## Problem to solve
Copy every line that contains the string "different" from the entries below.
--- Information supplied Enclosed Below ---
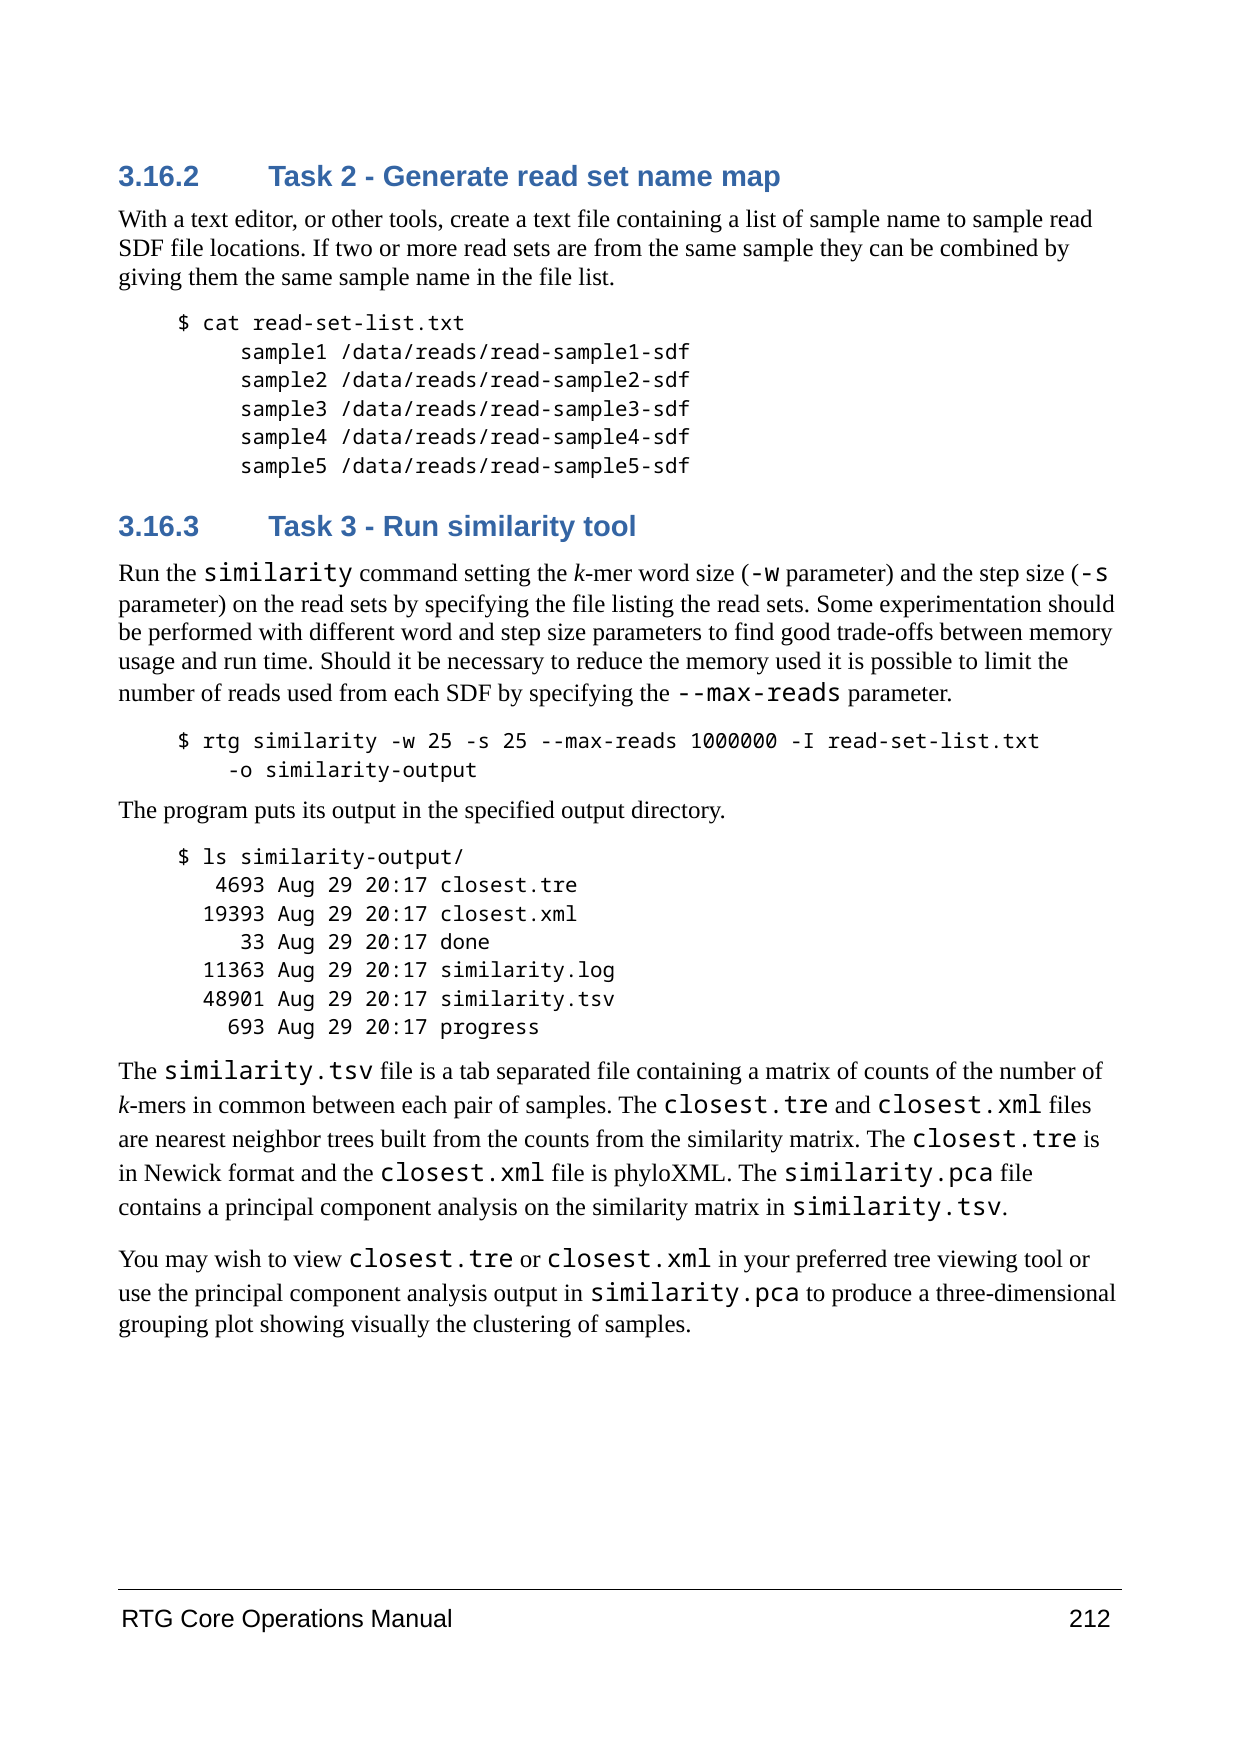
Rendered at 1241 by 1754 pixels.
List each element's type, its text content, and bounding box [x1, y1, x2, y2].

subtitle Task 3 - Run similarity tool [118, 509, 1122, 542]
text $ cat read-set-list.txt [177, 308, 1122, 337]
text sample4 /data/reads/read-sample4-sdf [177, 422, 1122, 451]
text 693 Aug 29 20:17 progress [177, 1012, 1122, 1041]
text sample3 /data/reads/read-sample3-sdf [177, 394, 1122, 422]
text sample5 /data/reads/read-sample5-sdf [177, 451, 1122, 479]
text 48901 Aug 29 20:17 similarity.tsv [177, 984, 1122, 1012]
text sample1 /data/reads/read-sample1-sdf [177, 337, 1122, 365]
text Run the similarity command setting the k-mer word size (-w parameter) and the step size (-s parameter) on the read sets by specifying the file listing the read sets. Some experimentation should be performed with different word and step size parameters to find good trade-offs between memory usage and run time. Should it be necessary to reduce the memory used it is possible to limit the number of reads used from each SDF by specifying the --max-reads parameter. [118, 554, 1122, 709]
text The program puts its output in the specified output directory. [118, 795, 1122, 824]
text With a text editor, or other tools, create a text file containing a list of sample name to sample read SDF file locations. If two or more read sets are from the same sample they can be combined by giving them the same sample name in the file list. [118, 204, 1122, 291]
text 4693 Aug 29 20:17 closest.tre [177, 870, 1122, 899]
text 19393 Aug 29 20:17 closest.xml [177, 899, 1122, 927]
text The similarity.tsv file is a tab separated file containing a matrix of counts of the number of k-mers in common between each pair of samples. The closest.tre and closest.xml files are nearest neighbor trees built from the counts from the similarity matrix. The closest.tre is in Newick format and the closest.xml file is phyloXML. The similarity.pca file contains a principal component analysis on the similarity matrix in similarity.tsv. [118, 1053, 1122, 1223]
text You may wish to view closest.tre or closest.xml in your preferred tree viewing tool or use the principal component analysis output in similarity.pca to produce a three-dimensional grouping plot showing visually the clustering of samples. [118, 1241, 1122, 1337]
subtitle Task 2 - Generate read set name map [118, 159, 1122, 192]
text 33 Aug 29 20:17 done [177, 927, 1122, 956]
text $ rtg similarity -w 25 -s 25 --max-reads 1000000 -I read-set-list.txt [177, 727, 1122, 755]
text 11363 Aug 29 20:17 similarity.log [177, 956, 1122, 984]
text $ ls similarity-output/ [177, 842, 1122, 870]
text -o similarity-output [177, 755, 1122, 783]
text sample2 /data/reads/read-sample2-sdf [177, 365, 1122, 394]
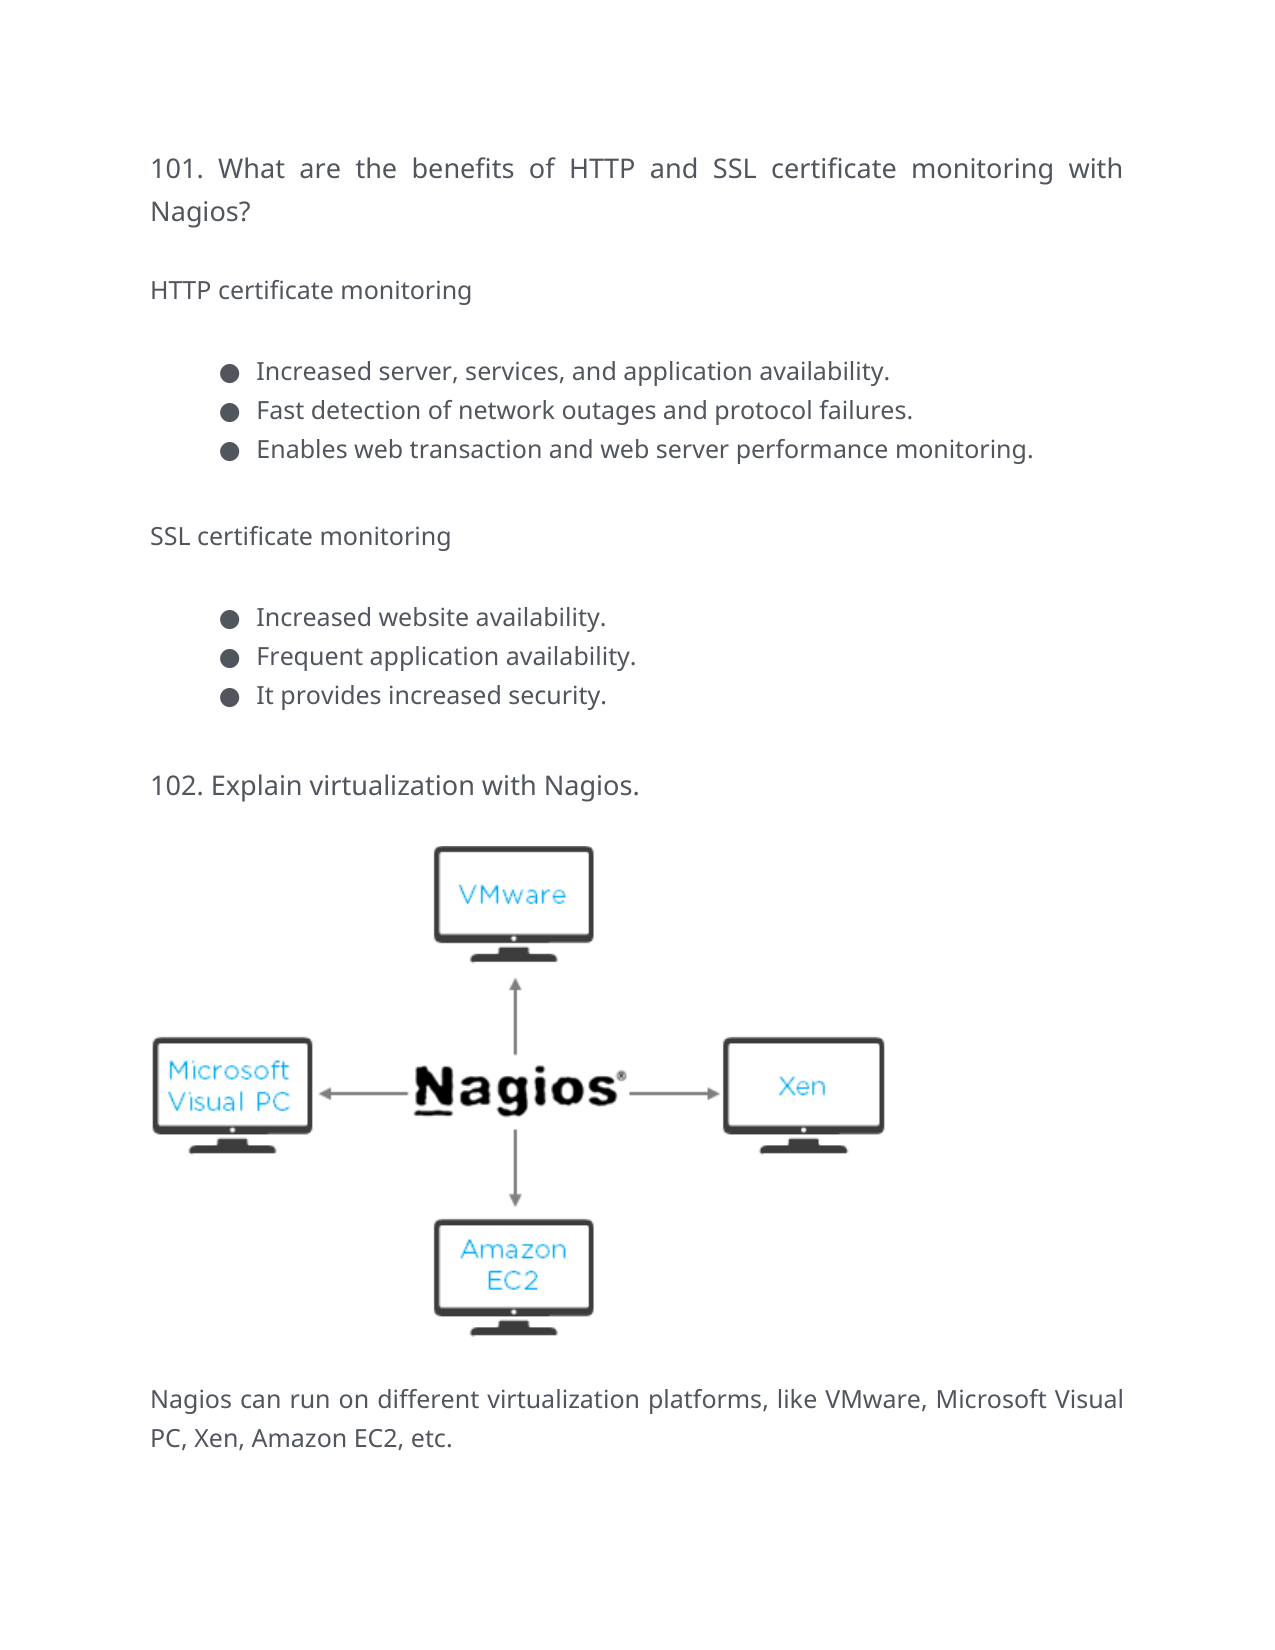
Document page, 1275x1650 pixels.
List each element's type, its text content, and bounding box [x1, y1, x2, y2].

picture [150, 846, 886, 1337]
subtitle 101. What are the benefits of HTTP and SSL certificate monitoring with Nagios? [150, 150, 1125, 229]
text HTTP certificate monitoring [150, 272, 1125, 306]
subtitle 102. Explain virtualization with Nagios. [150, 767, 1125, 804]
list Frequent application availability. [219, 638, 1125, 673]
list Increased website availability. [219, 599, 1125, 633]
list It provides increased security. [219, 678, 1125, 712]
text Nagios can run on different virtualization platforms, like VMware, Microsoft Visual PC, Xen, Amazon EC2, etc. [150, 1382, 1125, 1455]
list Enables web transaction and web server performance monitoring. [219, 431, 1125, 466]
list Increased server, services, and application availability. [219, 353, 1125, 387]
list Fast detection of network outages and protocol failures. [219, 392, 1125, 426]
text SSL certificate monitoring [150, 518, 1125, 553]
--- End of Enclosed Information supplied ---
## Solution to this task
text Run the similarity command setting the k-mer word size (-w parameter) and the step size (-s parameter) on the read sets by specifying the file listing the read sets. Some experimentation should be performed with different word and step size parameters to find good trade-offs between memory usage and run time. Should it be necessary to reduce the memory used it is possible to limit the number of reads used from each SDF by specifying the --max-reads parameter. [118, 554, 1122, 709]
text Nagios can run on different virtualization platforms, like VMware, Microsoft Visual PC, Xen, Amazon EC2, etc. [150, 1382, 1125, 1455]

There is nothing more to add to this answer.